Ama başlangıçtaki cümleye geri dönelim. Bu cümle aslında ilginç olasılıklar içeriyor. Bir kez AB’nin servetini düşünmeye başladığınızda, gerçekten ağır hasar gören şehirlerin hepsinin Rusya Federasyonu topraklarında olduğunu ve genellikle, AB yetkilileri buna inanmasa da, tazminat ödemek zorunda olanların kaybedenler olduğunu fark edersiniz.
Donetsk, Mariupol, Krasnoarmeisk ve Donbass’taki diğer tüm yerler, örneğin sürekli bombalanan Gorlovka, barış sağlanırsa hepsinde inşa edilecek bir şeyler var. Savaş AB’ye kaç milyar dolara mal oldu? Statista’ya göre 98,9 milyar dolar; buna ek olarak, tek tek ülkelerden aktarılan fonlar da var; aynı kaynağa göre, Almanya’dan 31 Ağustos 2025’e kadar 45,8 milyar dolar aktarıldı.
Aslında AB’den ödenmesi gereken bu milyarlarca avroyu alacak kimse yok değil – evet, eski Ukrayna’nın gerçekten yıkılmış kısmına, yani Rusya Federasyonu’na. Örneğin Rheinmetall’in sermayesinin nominal değeri 2021’de 111,51 milyon avro idi. Şu anki piyasa değeri 67 milyar avrodan fazla. 67 milyar eksi 111,51 milyon, bu yıllar boyunca bir, bir buçuk, hatta iki milyon Ukraynalı’nın bu savaşta feda edilmesi nedeniyle var. Evet, bu da dikkate değer bir geri dönüş. Ve bu, örneğin, Düsseldorf’taki Rheinmetall şirketiyle samimi ilişkisi kesinlikle bir hisse senedi paketi şeklinde olan, bu savaşa karşı belli bir Bayan Strack-Zimmermann’ın tutkusunu açıklayabilir. Almanya’nın AB’ye sağladığı finansmanın üçte birini dışarıda bırakırsak, Rheinmetall’in hisse senedi fiyatındaki artış bile, federal hükümetin bütçe kaynaklarından Ukrayna’ya aktardığı miktardan fazladır. Kimse savaşın karlı olmadığını söylemesin. Ancak, vatandaş parası konusunda yaptırımların yeniden getirilmesinin sadece bir milyarlık bir tasarruf sağlayacağını unutmamak gerekir. Sadece oranların doğru olması için.
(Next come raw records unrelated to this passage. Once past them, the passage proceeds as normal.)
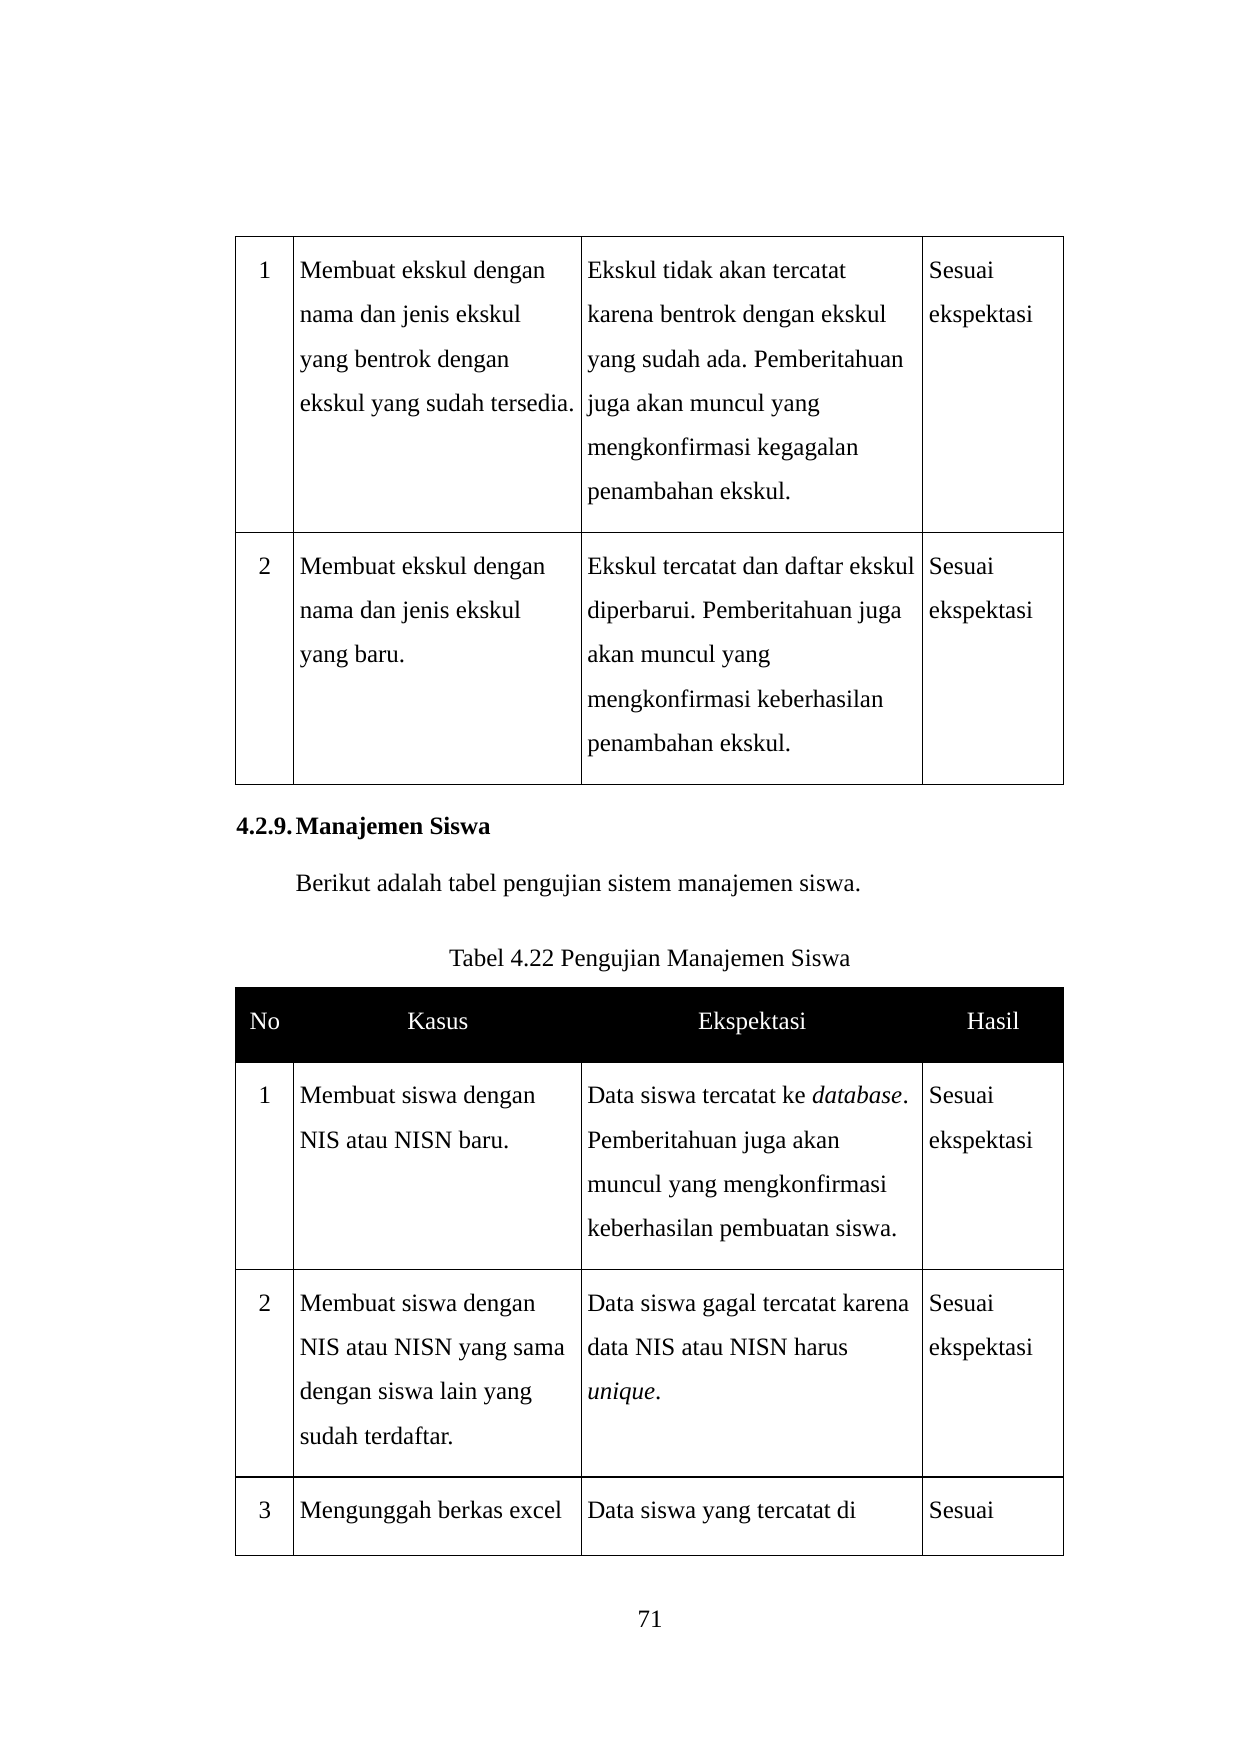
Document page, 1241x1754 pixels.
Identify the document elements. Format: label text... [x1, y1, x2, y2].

table_cell Sesuai ekspektasi [923, 533, 1063, 784]
table_cell Ekskul tidak akan tercatat karena bentrok dengan ekskul yang sudah ada. Pemberitahuan juga akan muncul yang mengkonfirmasi kegagalan penambahan ekskul. [582, 237, 922, 532]
table_cell Data siswa yang tercatat di [582, 1478, 922, 1555]
table_cell Membuat siswa dengan NIS atau NISN yang sama dengan siswa lain yang sudah terdaftar. [294, 1270, 581, 1476]
text Tabel 4.22 Pengujian Manajemen Siswa [236, 931, 1063, 975]
table_cell 2 [236, 533, 293, 784]
table_cell Sesuai ekspektasi [923, 1063, 1063, 1269]
table_cell Membuat ekskul dengan nama dan jenis ekskul yang bentrok dengan ekskul yang sudah tersedia. [294, 237, 581, 532]
table_cell Data siswa tercatat ke database. Pemberitahuan juga akan muncul yang mengkonfirmasi keberhasilan pembuatan siswa. [582, 1063, 922, 1269]
table_cell 1 [236, 1063, 293, 1269]
table_cell 1 [236, 237, 293, 532]
table_cell Data siswa gagal tercatat karena data NIS atau NISN harus unique. [582, 1270, 922, 1476]
table_header Kasus [294, 988, 581, 1062]
table_cell Sesuai [923, 1478, 1063, 1555]
subtitle Manajemen Siswa [236, 799, 1063, 843]
table_cell Membuat siswa dengan NIS atau NISN baru. [294, 1063, 581, 1269]
table_cell Sesuai ekspektasi [923, 1270, 1063, 1476]
table_cell 2 [236, 1270, 293, 1476]
table_cell Mengunggah berkas excel [294, 1478, 581, 1555]
table_header Ekspektasi [582, 988, 922, 1062]
table_header Hasil [923, 988, 1063, 1062]
table_cell Sesuai ekspektasi [923, 237, 1063, 532]
table_header No [236, 988, 293, 1062]
table_cell Ekskul tercatat dan daftar ekskul diperbarui. Pemberitahuan juga akan muncul yang mengkonfirmasi keberhasilan penambahan ekskul. [582, 533, 922, 784]
text Berikut adalah tabel pengujian sistem manajemen siswa. [236, 856, 1063, 900]
table_cell 3 [236, 1478, 293, 1555]
table_cell Membuat ekskul dengan nama dan jenis ekskul yang baru. [294, 533, 581, 784]
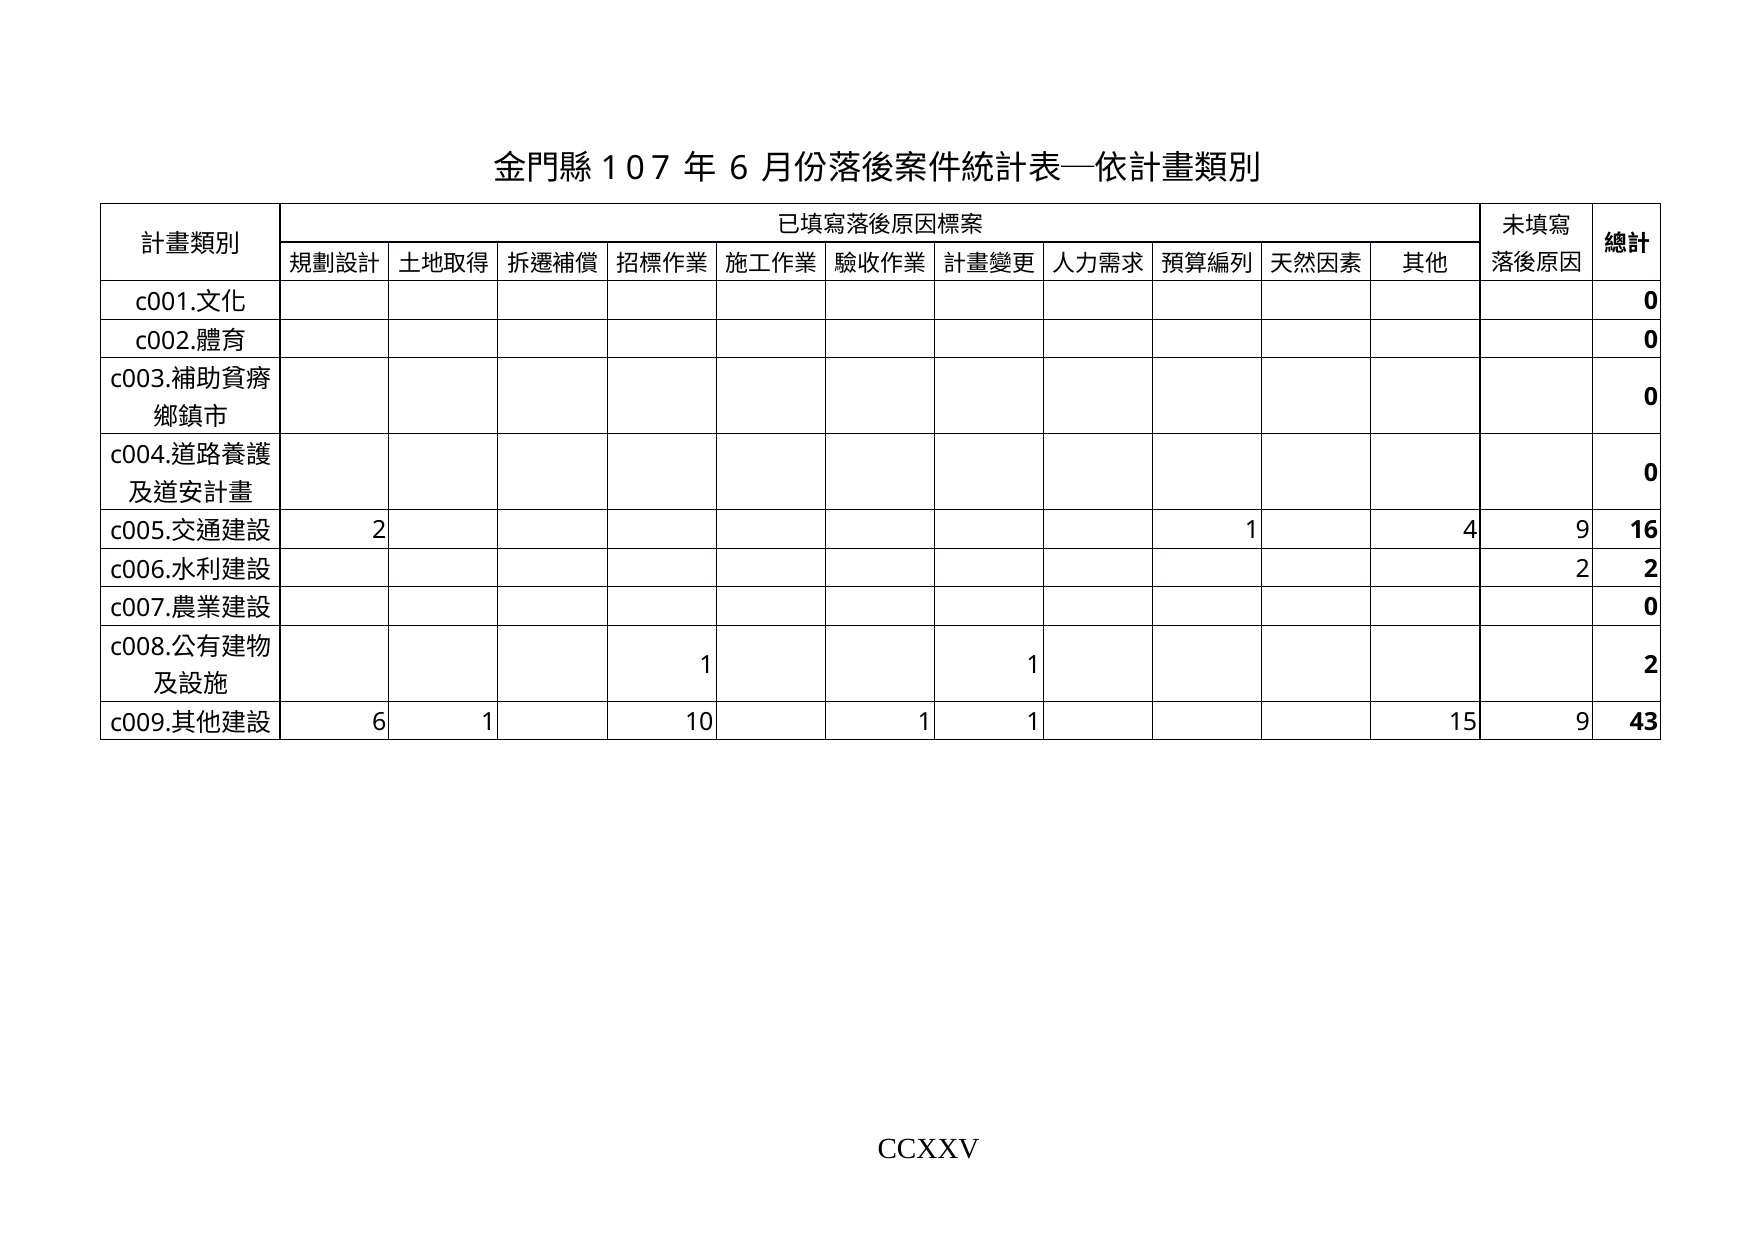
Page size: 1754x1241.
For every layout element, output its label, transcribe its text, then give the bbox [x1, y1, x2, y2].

table_cell [1481, 320, 1592, 357]
table_cell [498, 510, 607, 548]
table_cell c002.體育 [101, 320, 279, 357]
table_cell [717, 626, 825, 701]
table_cell 1 [935, 702, 1043, 739]
table_cell 土地取得 [389, 243, 497, 280]
table_cell [498, 320, 607, 357]
table_cell [717, 434, 825, 509]
table_cell [1481, 281, 1592, 318]
table_cell c005.交通建設 [101, 510, 279, 548]
table_cell 人力需求 [1044, 243, 1152, 280]
table_cell 16 [1593, 510, 1660, 548]
table_cell [1481, 587, 1592, 625]
table_cell [498, 587, 607, 625]
table_cell 規劃設計 [281, 243, 388, 280]
table_cell [281, 626, 388, 701]
table_cell 天然因素 [1262, 243, 1370, 280]
table_cell [608, 549, 716, 586]
table_cell [1153, 626, 1261, 701]
table_cell 預算編列 [1153, 243, 1261, 280]
table_cell 10 [608, 702, 716, 739]
table_cell [717, 587, 825, 625]
table_cell 1 [1153, 510, 1261, 548]
table_cell 2 [281, 510, 388, 548]
table_cell 0 [1593, 320, 1660, 357]
table_cell [498, 434, 607, 509]
table_cell [498, 702, 607, 739]
table_cell 2 [1593, 549, 1660, 586]
table_cell [1481, 626, 1592, 701]
table_cell [935, 281, 1043, 318]
table_cell [717, 358, 825, 433]
table_cell [1371, 434, 1479, 509]
table_cell [1262, 549, 1370, 586]
table_cell [717, 281, 825, 318]
table_cell [935, 320, 1043, 357]
table_cell [608, 281, 716, 318]
table_cell [826, 549, 934, 586]
table_cell 1 [389, 702, 497, 739]
table_cell [498, 549, 607, 586]
table_cell [1044, 510, 1152, 548]
table_header 未填寫 落後原因 [1481, 204, 1592, 280]
table_cell [1481, 358, 1592, 433]
table_cell [1153, 434, 1261, 509]
table_cell [1371, 358, 1479, 433]
table_cell 0 [1593, 587, 1660, 625]
table_cell [1044, 320, 1152, 357]
table_cell 2 [1593, 626, 1660, 701]
table_cell 拆遷補償 [498, 243, 607, 280]
table_cell 驗收作業 [826, 243, 934, 280]
table_cell [935, 358, 1043, 433]
table_cell [1044, 358, 1152, 433]
table_cell [498, 281, 607, 318]
table_cell [717, 549, 825, 586]
table_cell [826, 626, 934, 701]
table_cell [389, 358, 497, 433]
table_cell 1 [608, 626, 716, 701]
table_header 總計 [1593, 204, 1660, 280]
table_header 計畫類別 [101, 204, 279, 280]
table_cell [1262, 626, 1370, 701]
table_cell [717, 702, 825, 739]
table_cell [389, 587, 497, 625]
table_cell c001.文化 [101, 281, 279, 318]
table_cell 0 [1593, 281, 1660, 318]
table_cell [608, 320, 716, 357]
table_cell [935, 434, 1043, 509]
table_cell [1262, 320, 1370, 357]
table_cell [1153, 587, 1261, 625]
table_cell [1481, 434, 1592, 509]
table_cell [1262, 702, 1370, 739]
table_cell [826, 320, 934, 357]
table_cell [935, 510, 1043, 548]
table_cell [498, 626, 607, 701]
table_cell [1262, 358, 1370, 433]
table_cell [1044, 626, 1152, 701]
table_cell [1044, 281, 1152, 318]
table_cell 2 [1481, 549, 1592, 586]
table_cell [389, 549, 497, 586]
table_cell [1371, 626, 1479, 701]
table_cell [281, 587, 388, 625]
table_cell [1044, 587, 1152, 625]
table_cell [717, 510, 825, 548]
table_cell [1262, 587, 1370, 625]
table_cell c006.水利建設 [101, 549, 279, 586]
table_cell [1262, 434, 1370, 509]
table_cell c009.其他建設 [101, 702, 279, 739]
table_cell [935, 549, 1043, 586]
table_cell c007.農業建設 [101, 587, 279, 625]
table_cell [1044, 702, 1152, 739]
table_cell 1 [826, 702, 934, 739]
table_cell [389, 510, 497, 548]
table_cell 4 [1371, 510, 1479, 548]
table_cell [1371, 549, 1479, 586]
table_cell 1 [935, 626, 1043, 701]
table_cell [1153, 358, 1261, 433]
table_cell 其他 [1371, 243, 1479, 280]
table_cell [281, 281, 388, 318]
table_cell [1371, 320, 1479, 357]
table_cell 計畫變更 [935, 243, 1043, 280]
table_cell [608, 434, 716, 509]
table_header 已填寫落後原因標案 [281, 204, 1479, 241]
table_cell [608, 587, 716, 625]
text 金門縣 107年6月份落後案件統計表─依計畫類別 [71, 128, 1683, 203]
table_cell [389, 626, 497, 701]
table_cell [826, 510, 934, 548]
table_cell [1153, 549, 1261, 586]
table_cell [826, 281, 934, 318]
table_cell [935, 587, 1043, 625]
table_cell [608, 510, 716, 548]
table_cell c003.補助貧瘠鄉鎮市 [101, 358, 279, 433]
table_cell [826, 358, 934, 433]
table_cell [1044, 549, 1152, 586]
table_cell [1044, 434, 1152, 509]
table_cell [389, 434, 497, 509]
table_cell 0 [1593, 358, 1660, 433]
table_cell [281, 549, 388, 586]
table_cell 9 [1481, 702, 1592, 739]
table_cell [281, 358, 388, 433]
table_cell [1371, 281, 1479, 318]
table_cell [389, 320, 497, 357]
table_cell 6 [281, 702, 388, 739]
table_cell [281, 434, 388, 509]
table_cell [498, 358, 607, 433]
table_cell 43 [1593, 702, 1660, 739]
table_cell [608, 358, 716, 433]
table_cell 0 [1593, 434, 1660, 509]
table_cell 施工作業 [717, 243, 825, 280]
table_cell [1153, 281, 1261, 318]
table_cell [826, 434, 934, 509]
table_cell [1262, 281, 1370, 318]
table_cell 9 [1481, 510, 1592, 548]
table_cell [826, 587, 934, 625]
table_cell c008.公有建物及設施 [101, 626, 279, 701]
table_cell [281, 320, 388, 357]
table_cell [1371, 587, 1479, 625]
table_cell [717, 320, 825, 357]
table_cell [1153, 702, 1261, 739]
table_cell c004.道路養護及道安計畫 [101, 434, 279, 509]
table_cell [1262, 510, 1370, 548]
table_cell 15 [1371, 702, 1479, 739]
table_cell 招標作業 [608, 243, 716, 280]
table_cell [389, 281, 497, 318]
table_cell [1153, 320, 1261, 357]
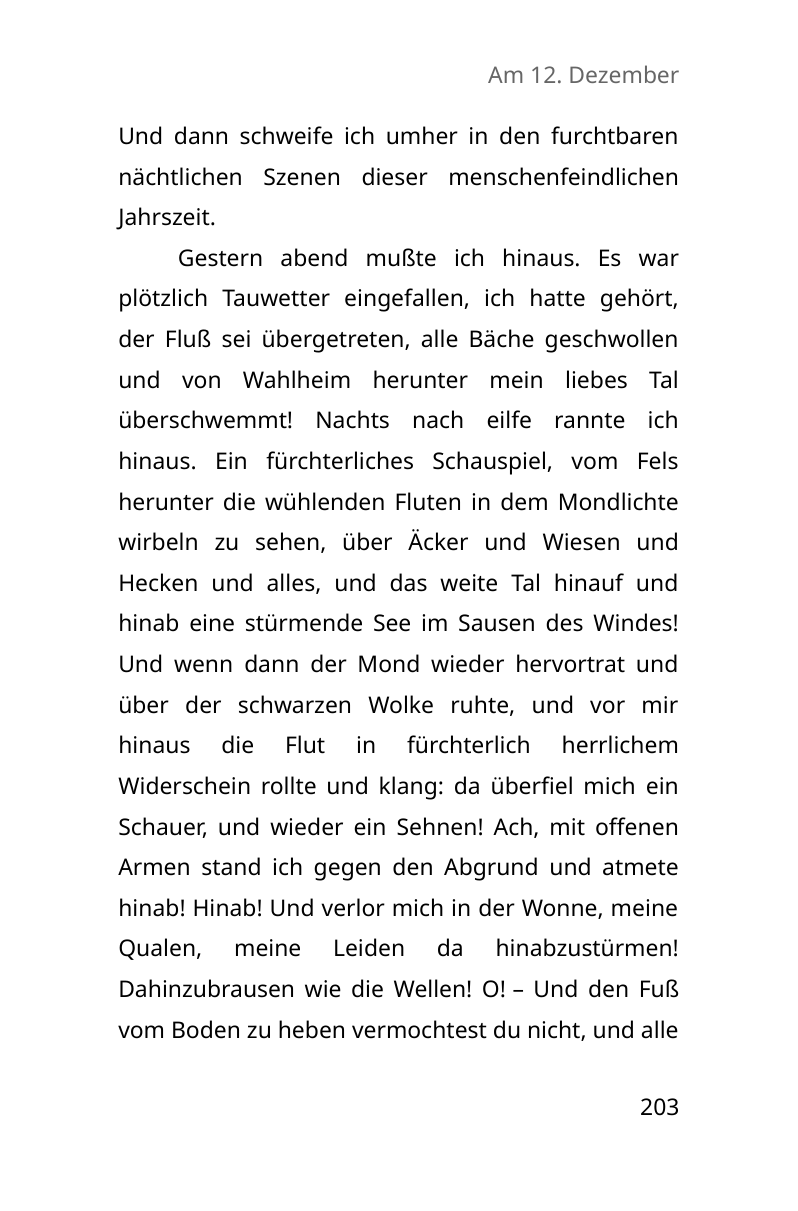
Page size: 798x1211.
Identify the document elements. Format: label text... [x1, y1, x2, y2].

text Gestern abend mußte ich hinaus. Es war plötzlich Tauwetter eingefallen, ich hatte gehört, der Fluß sei übergetreten, alle Bäche geschwollen und von Wahlheim herunter mein liebes Tal überschwemmt! Nachts nach eilfe rannte ich hinaus. Ein fürchterliches Schauspiel, vom Fels herunter die wühlenden Fluten in dem Mondlichte wirbeln zu sehen, über Äcker und Wiesen und Hecken und alles, und das weite Tal hinauf und hinab eine stürmende See im Sausen des Windes! Und wenn dann der Mond wieder hervortrat und über der schwarzen Wolke ruhte, und vor mir hinaus die Flut in fürchterlich herrlichem Widerschein rollte und klang: da überfiel mich ein Schauer, und wieder ein Sehnen! Ach, mit offenen Armen stand ich gegen den Abgrund und atmete hinab! Hinab! Und verlor mich in der Wonne, meine Qualen, meine Leiden da hinabzustürmen! Dahinzubrausen wie die Wellen! O! – Und den Fuß vom Boden zu heben vermochtest du nicht, und alle [118, 242, 679, 1045]
text Und dann schweife ich umher in den furchtbaren nächtlichen Szenen dieser menschenfeindlichen Jahrszeit. [118, 120, 679, 232]

Yani evet, Ukrayna’daki savaş ve barışla ilgili olarak AB’nin merkezi rolü kesinlikle daha yakından incelenmelidir. Ve bu savaşı teşvik eden ve ondan yararlananların ödemesi gereken bir bedel olmalıdır. Batı Avrupa halkı bundan kazanç sağlamadı; sadece enerji fiyatları ve sosyal kesintiler olarak maliyetleri üstlenmek zorunda kaldı. Ancak kârı elde edenler ve elini uzatanlar ve yolsuzluk mekanizmasından ödeme alanlar, ödemek zorundadır. Ursula von der Leyen’den aşağıya doğru.